И Миклухо-Маклай увидел их. Они стояли на прибрежном песке безмолвные, неподвижные, как изваяния, — смуглые до черноты обнаженные люди с каменными топориками и копьями.
— Так где же вы желаете высадиться, Николай Николаевич? — спросил командир корвета Назимов.
Маклай вздрогнул.
ПУТЕШЕСТВИЕ В КАМЕННЫЙ ВЕК
Только утром 20 сентября Миклухо-Маклай, всмотревшись в гигантскую перспективу тропических лесов, мог сказать Назимову:
— Высаживайте здесь!
Войдя в небольшую бухту, корвет стал на якорь саженях в семидесяти от песчаного мыска. Громадные деревья, опускающие ветви до самой воды, ползучие лианы, древовидные папоротники, большие причудливые листья неведомых растений образовывали непроницаемую темно-зеленую завесу. Среди цветов порхали райские птицы и попугаи.
Вскоре на мыске появилась группа туземцев. Они, должно быть, со страхом и удивлением смотрели на огромную пирогу, из которой выходил дым, и на людей в белых одеждах. Один из папуасов, подойдя к самой воде, положил на песок кокосовый орех и стал делать какие-то знаки. Казалось, он хотел объяснить, что кокос — подарок неизвестным чужестранцам, приехавшим на огненной пироге.
— Дайте мне четверку. Я хочу на берег… — сказал Маклай Назимову.
— Вас будет сопровождать катер с вооруженной охраной.
— Ни в коем случае! Шлюпку без матросов, и только… Я даже не возьму с собой оружия.
— Это безумие!
— Пусть будет так. Вы ни за что не несете ответственности.

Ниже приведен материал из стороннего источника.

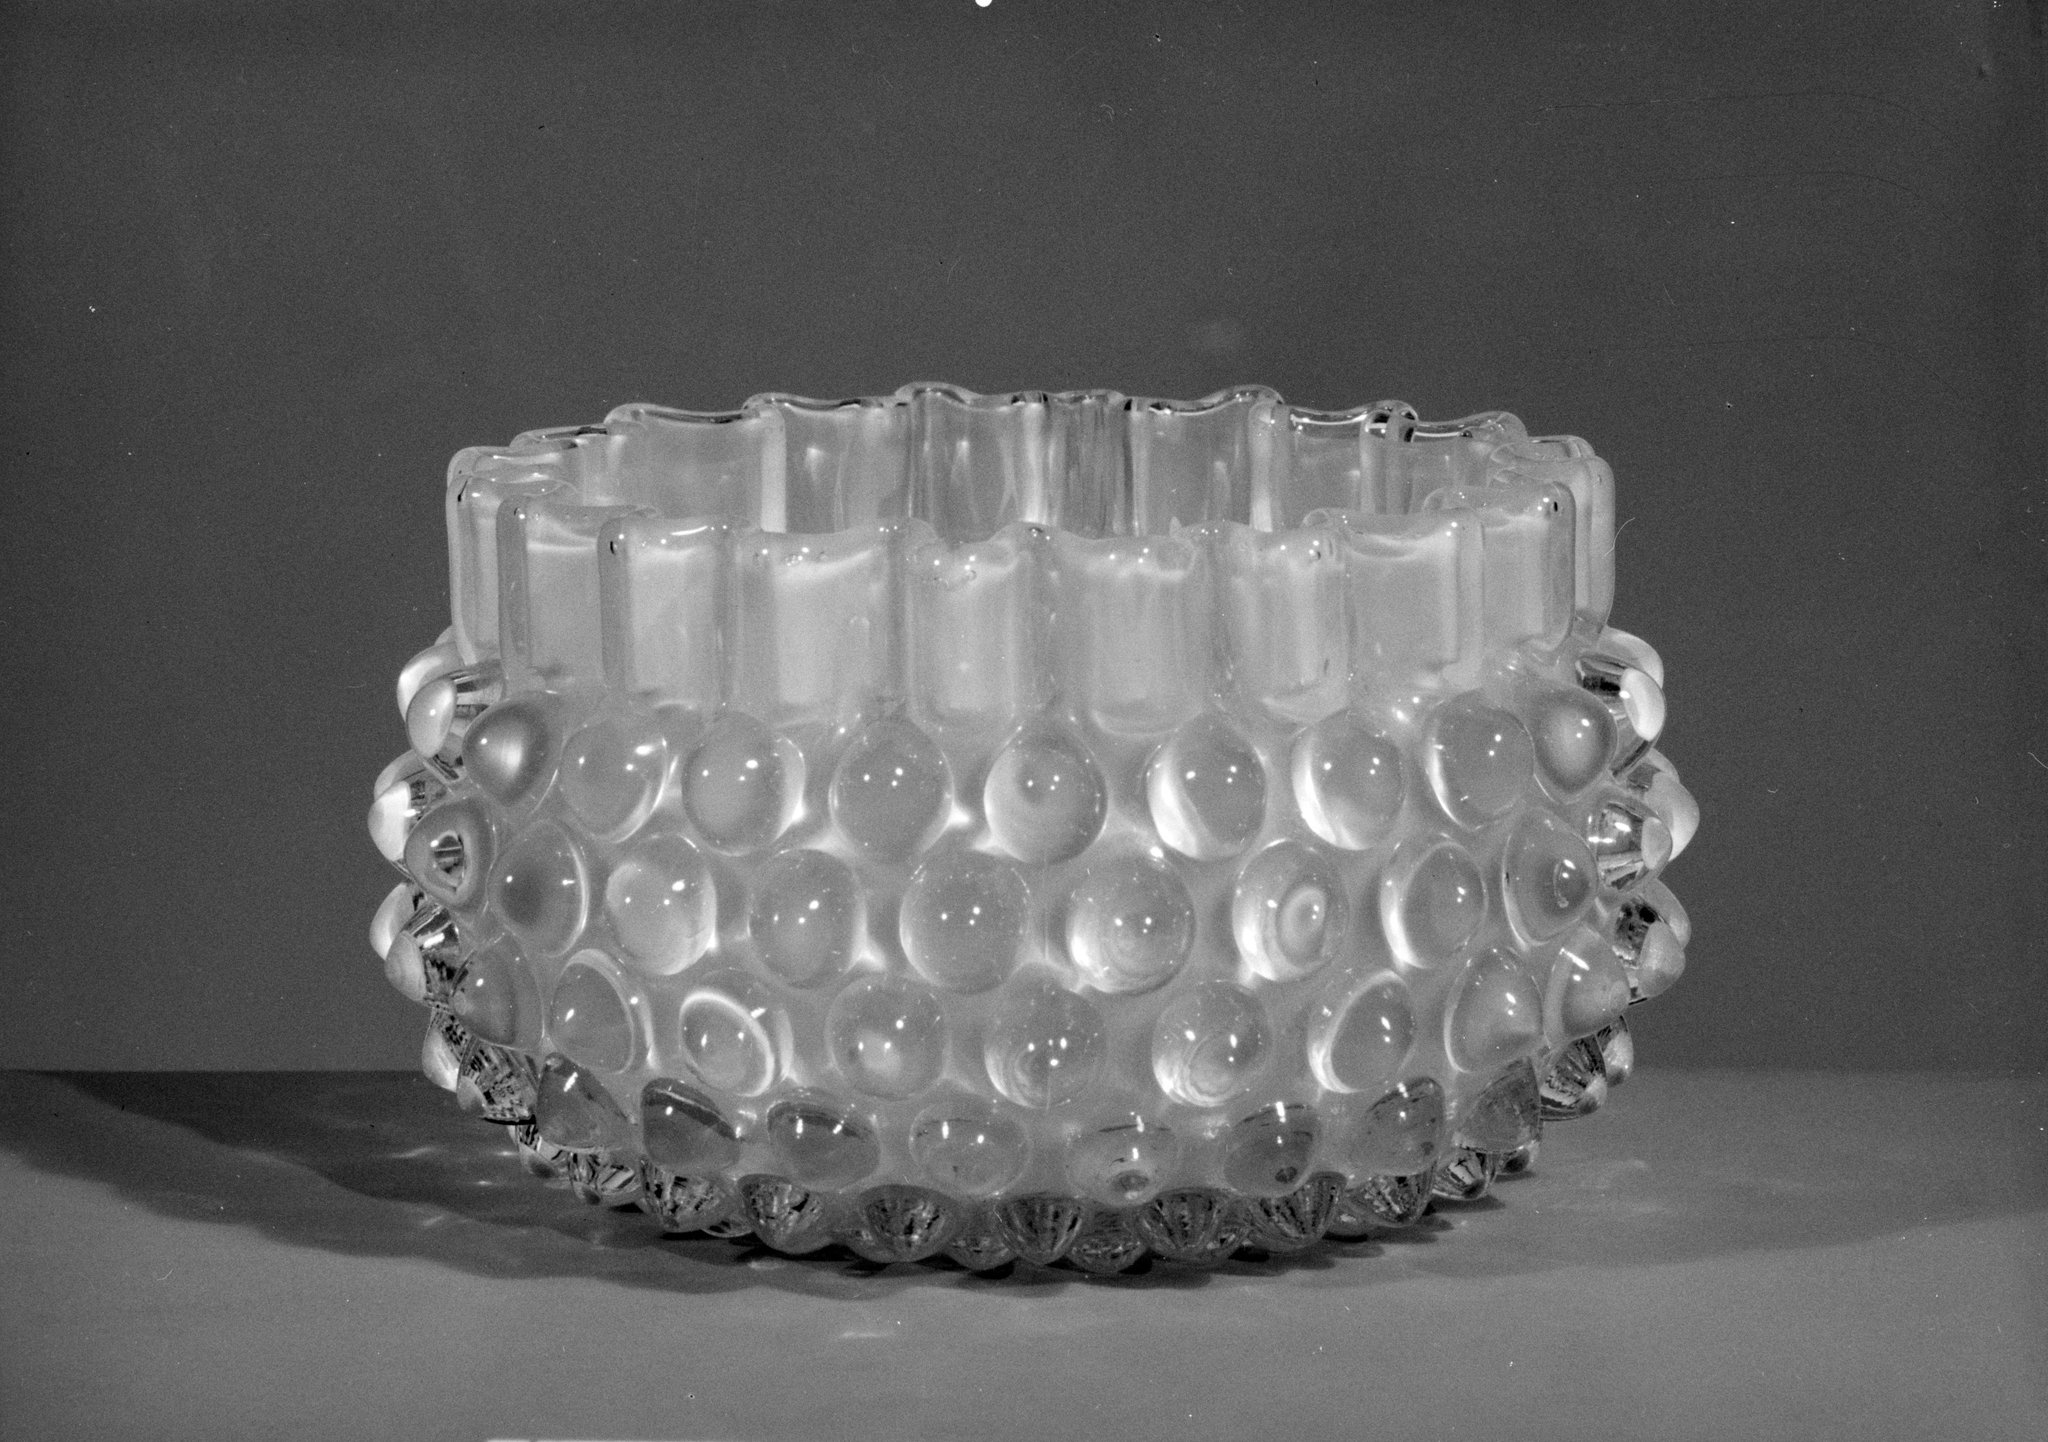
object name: bowl
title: Hobnail bowl
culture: american
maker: hobbs, brockunier and company
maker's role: maker
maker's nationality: american
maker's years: 1863-1891
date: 1886
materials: glass
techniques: pressed
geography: united states

Миклухо-Маклай нагрузил карманы подарками: стеклянными бусами, красными лентами, гвоздями, табаком — и, захватив с собой Боя и Ульсона, направился в шлюпке к берегу. Однако завязать знакомство с туземцами на этот раз не удалось: они воспрепятствовали высадке, угрожали копьями. Пришлось вернуться на корвет.
И только некоторое время спустя, когда островитяне скрылись в лесу, исследователю удалось благополучно достичь желанного берега.
Он с такой поспешностью и нетерпением выскочил из шлюпки и направился по тропинке в лесную чащу, что даже не отдал никаких приказаний Ульсону и Бою, которые занялись привязыванием четверки к деревьям. Пройдя шагов тридцать по тропинке, Миклухо-Маклай заметил между деревьями несколько крыш, а далее тропа привела его к площадке, вокруг которой под сенью пальм стояли хижины с крышами, спускавшимися почти до земли. Деревня имела очень опрятный и приветливый вид. Побелевшие от времени крыши из пальмовой листвы красиво выделялись на темно-зеленом фоне джунглей. Ярко-пунцовые цветы китайской розы, желто-зеленые и желто-красные листья кротонов, бананы, панданусы, высокие хлебные деревья, арековые и кокосовые пальмы… Это был тропический рай. Позабыв об осторожности, обо всем на свете, Маклай, словно мальчишка, вырвавшийся на свободу, задыхаясь от восторга, мчался по лесной тропе.